Ubuntu – Ubuntu 12.04 and 13.04 installs fail if Secure Boot (UEFI) is enabled on Toshiba Tecra R950

13.04secure-bootsystem-installationtoshibauefi

Just bought a Toshiba Tecra R950 laptop, which comes with Secure Boot enabled by default, and Win8 preinstalled.

I wrote an Ubuntu 12.04 amd64 iso on an USB using Linux Live Usb Creator – LiLi (I use this on all Ubuntu installs), installed the OS alongside Windows8-64 and the system continued to boot in Windows 8 without any boot prompt.

I wiped Win8 (actually dd if=/dev/zero of=/dev/sda) and reinstalled, and the bootloader went for PXE boot (didn't recognize the grubx64.efi file in the EFI partition).
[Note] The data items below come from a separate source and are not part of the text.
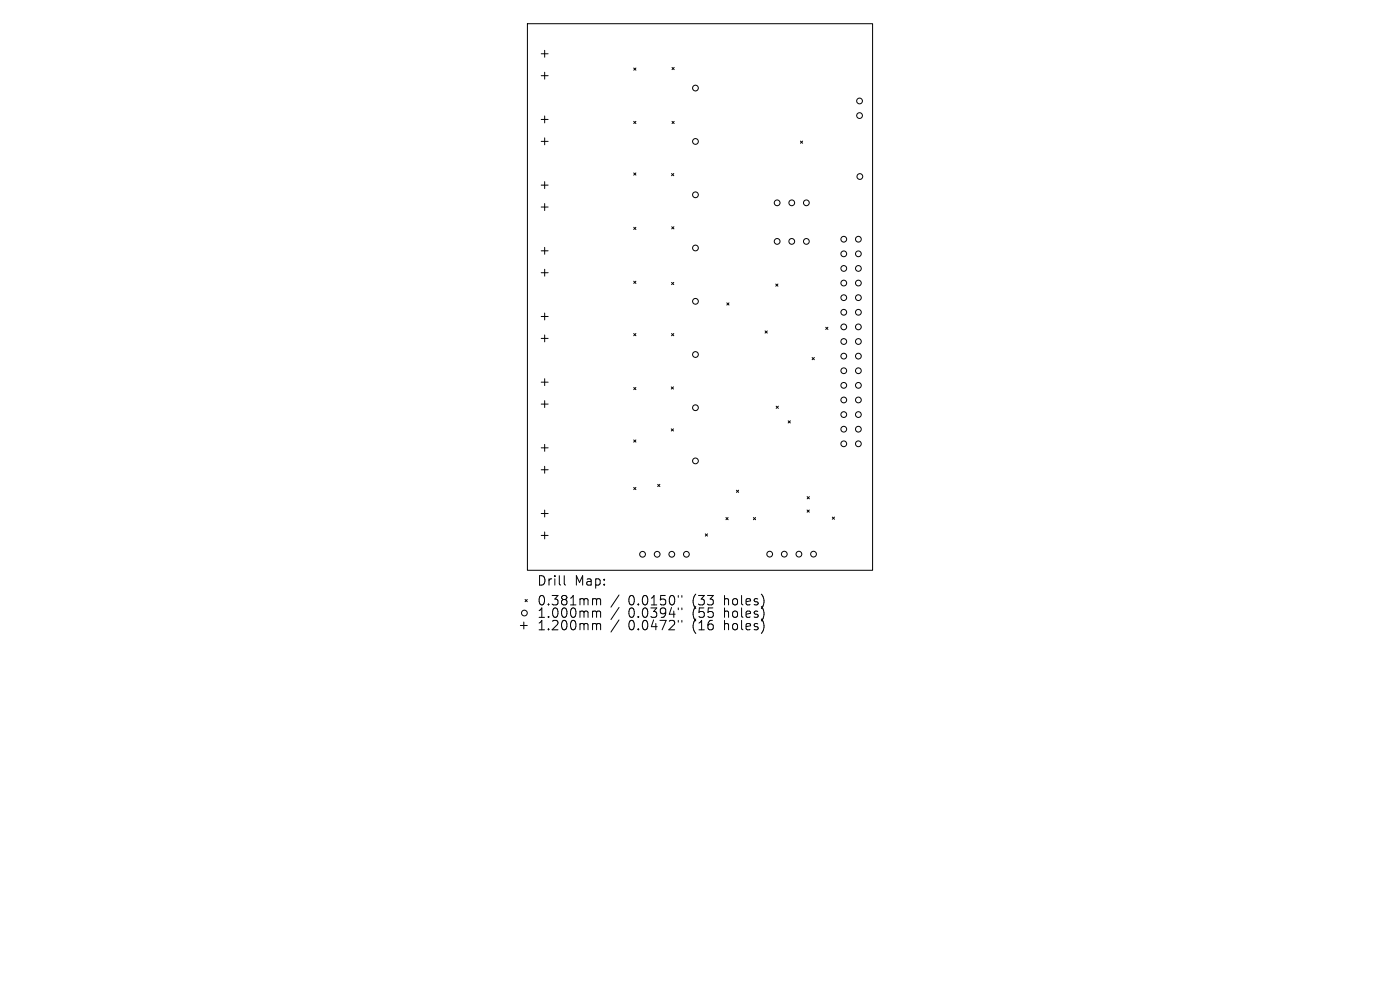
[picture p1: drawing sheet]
<svg xmlns="http://www.w3.org/2000/svg" width="297mm" height="210mm" viewBox="0 0 297 210" stroke-linecap="round" stroke-linejoin="round" font-family="sans-serif">
<defs><g id="words">
<g font-size="2.8">
<text x="113.9" y="124.5">Drill</text>
<text x="121.9" y="124.5">Map:</text>
<text x="113.9" y="128.7">0.381mm</text>
<text x="113.9" y="131.3">1.000mm</text>
<text x="133.3" y="128.7">0.0150&quot;</text>
<text x="133.3" y="131.3">0.0394&quot;</text>
<text x="147" y="128.7">(33</text>
<text x="147" y="131.3">(55</text>
<text x="153.9" y="128.7">holes)</text>
<text x="153.9" y="131.3">holes)</text>
<text x="113.9" y="134">1.200mm</text>
<text x="133.3" y="134">0.0472&quot;</text>
<text x="147" y="134">(16</text>
<text x="153.9" y="134">holes)</text>
</g>
</g></defs>
<g fill="none" stroke="#000" stroke-width=".21">
<path d="M111.9 5h73.2v116h-73.2zM114.8 11.4h1.5M114.8 16.1h1.5M115.5 10.7v1.4M115.5 15.3v1.5M134.4 14.4l.5 .5M134.9 14.4l-.5 .5M142.6 14.3l.4 .5M143 14.3l-.4 .5M114.8 25.3h1.5M114.8 30h1.5M114.8 39.3h1.5"/>
<path d="M115.5 24.6v1.5M115.5 29.3v1.4M115.5 38.5v1.5M134.4 25.7l.5 .5M134.4 36.7l.5 .4M134.9 25.7l-.5 .5M134.9 36.7l-.5 .4M142.5 36.8l.4 .5M142.6 25.7l.4 .5M142.9 36.8l-.4 .5M143 25.7l-.4 .5M169.8 29.9l.5 .5"/>
<path d="M170.3 29.9l-.5 .5M114.8 43.9h1.5M114.8 53.2h1.5M114.8 57.9h1.5M115.5 43.2v1.5M115.5 52.5v1.4M115.5 57.1v1.5M134.4 48.2l.5 .5M134.4 59.7l.5 .4M134.9 48.2l-.5 .5M134.9 59.7l-.5 .4M142.5 59.9l.4 .5"/>
<path d="M142.5 48.1l.5 .5M142.9 59.9l-.4 .5M143 48.1l-.5 .5M114.8 67.1h1.5M114.8 71.8h1.5M115.5 66.4v1.5M115.5 71.1v1.4M134.4 70.8l.5 .4M134.9 70.8l-.5 .4M142.5 70.8l.4 .4M142.9 70.8l-.4 .4M154.2 64.2l.5 .5"/>
<path d="M154.7 64.2l-.5 .5M162.3 70.2l.5 .5M162.8 70.2l-.5 .5M164.6 60.2l.4 .5M165 60.2l-.4 .5M172.3 75.8l.5 .5M172.8 75.8l-.5 .5M175.2 69.4l.4 .5M175.6 69.4l-.4 .5M114.8 81.1h1.5M114.8 85.7h1.5M114.8 95h1.5"/>
<path d="M114.8 99.6h1.5M115.5 80.3v1.5M115.5 85v1.4M115.5 94.3v1.4M115.5 98.9v1.5M134.4 82.2l.5 .5M134.4 93.3l.5 .5M134.9 82.2l-.5 .5M134.9 93.3l-.5 .5M142.4 82.1l.5 .4M142.4 91l.5 .4M142.9 82.1l-.5 .4"/>
<path d="M142.9 91l-.5 .4M164.7 86.2l.4 .4M165.1 86.2l-.4 .4M167.2 89.3l.5 .4M167.7 89.3l-.5 .4M114.8 108.9h1.5M114.8 113.6h1.5M115.5 108.2v1.5M115.5 112.8v1.5M134.4 103.4l.5 .5M134.9 103.4l-.5 .5M139.5 102.7l.5 .5"/>
<path d="M140 102.7l-.5 .5M149.6 113.3l.5 .4M150.1 113.3l-.5 .4M154 109.8l.5 .4M154.5 109.8l-.5 .4M156.2 104l.5 .5M156.7 104l-.5 .5M159.8 109.8l.5 .4M160.3 109.8l-.5 .4M171.2 108.2l.5 .5M171.2 105.4l.5 .4M171.7 108.2l-.5 .5"/>
<path d="M171.7 105.4l-.5 .4M176.6 109.7l.4 .5M177 109.7l-.4 .5M110.4 132.7h1.5M111.1 132v1.4M111.4 127.2l.5 .4M111.9 127.2l-.5 .4M119.7 122.1v1.7l.3 .3M126 127h.3l.3 .3M126 129.6l.5 .1 .1 .2M126 132.3h.3l.3 .3M126.6 127.3l.2-.3 .5 .1 .1 1.2"/>
<path d="M126.6 127.3v1M126.6 129.9v1.1M126.6 132.6v1M126.6 129.9l.2-.3 .5 .1 .1 1.3M126.6 132.6l.2-.3 .5 .1 .1 1.2M131.3 126.2l-1.7 2.6M131.3 128.9l-1.7 2.5M131.3 131.5l-1.7 2.6M143.9 126.3v.4M143.9 129v.3M143.9 131.6v.4M144.7 126.3v.4"/>
<path d="M144.7 129v.3M144.7 131.6v.4"/>
<circle cx="147.5" cy="18.7" r=".61"/>
<circle cx="147.5" cy="30" r=".61"/>
<circle cx="182.3" cy="24.5" r=".61"/>
<circle cx="182.3" cy="21.4" r=".61"/>
<circle cx="182.4" cy="37.4" r=".61"/>
<circle cx="147.5" cy="41.3" r=".61"/>
<circle cx="147.5" cy="52.6" r=".61"/>
<circle cx="164.9" cy="51.2" r=".61"/>
<circle cx="164.9" cy="43" r=".61"/>
<circle cx="168" cy="51.2" r=".61"/>
<circle cx="168" cy="43" r=".61"/>
<circle cx="171.1" cy="51.2" r=".61"/>
<circle cx="171.1" cy="43" r=".61"/>
<circle cx="179" cy="56.9" r=".61"/>
<circle cx="179" cy="53.8" r=".61"/>
<circle cx="179" cy="50.7" r=".61"/>
<circle cx="182.1" cy="56.9" r=".61"/>
<circle cx="182.1" cy="53.8" r=".61"/>
<circle cx="182.1" cy="50.7" r=".61"/>
<circle cx="147.5" cy="63.9" r=".61"/>
<circle cx="147.5" cy="75.2" r=".61"/>
<circle cx="179" cy="69.3" r=".61"/>
<circle cx="179" cy="75.5" r=".61"/>
<circle cx="179" cy="66.2" r=".61"/>
<circle cx="179" cy="72.4" r=".61"/>
<circle cx="179" cy="60" r=".61"/>
<circle cx="179" cy="63.1" r=".61"/>
<circle cx="179" cy="78.6" r=".61"/>
<circle cx="182.1" cy="69.3" r=".61"/>
<circle cx="182.1" cy="75.5" r=".61"/>
<circle cx="182.1" cy="66.2" r=".61"/>
<circle cx="182.1" cy="60" r=".61"/>
<circle cx="182.1" cy="72.4" r=".61"/>
<circle cx="182.1" cy="63.1" r=".61"/>
<circle cx="182.1" cy="78.6" r=".61"/>
<circle cx="147.5" cy="97.8" r=".61"/>
<circle cx="147.5" cy="86.5" r=".61"/>
<circle cx="179" cy="84.8" r=".61"/>
<circle cx="179" cy="81.7" r=".61"/>
<circle cx="179" cy="87.9" r=".61"/>
<circle cx="179" cy="94.1" r=".61"/>
<circle cx="179" cy="91" r=".61"/>
<circle cx="182.1" cy="84.8" r=".61"/>
<circle cx="182.1" cy="81.7" r=".61"/>
<circle cx="182.1" cy="87.9" r=".61"/>
<circle cx="182.1" cy="94.1" r=".61"/>
<circle cx="182.1" cy="91" r=".61"/>
<circle cx="136.3" cy="117.6" r=".61"/>
<circle cx="139.4" cy="117.6" r=".61"/>
<circle cx="142.5" cy="117.6" r=".61"/>
<circle cx="145.6" cy="117.6" r=".61"/>
<circle cx="163.3" cy="117.5" r=".61"/>
<circle cx="166.4" cy="117.5" r=".61"/>
<circle cx="169.5" cy="117.5" r=".61"/>
<circle cx="172.6" cy="117.5" r=".61"/>
<circle cx="111.2" cy="130" r=".61"/>
</g>
<use href="#words"/>
</svg>

I tried the same with Ubuntu 12.10 and 13.04 with no success. I tried reinstalling grub-uefi-amd64-signed, running grub-install –uefi-secure-boot, copying grubx64.efi to /EFI/Ubuntu/ and adding the bootloader entry using efibootmgr, with no success. The bootloader just loads Windows (or PXE if no Windows is installed).

I tried changing the BootOrder via efibootmgr to make the Ubuntu entry the only option, with no success. Also tried setting the entry name to "Windows Boot Manager", didn't have any effect.

A trip to the BIOS Setup didn't help much. I can disable SecureBoot but I want to keep Windows8 setup in UEFI mode, and apparently I can't have Ubuntu installed alongside it. Also I don't see any section in the BIOS for adding additional UEFI bootloader keys.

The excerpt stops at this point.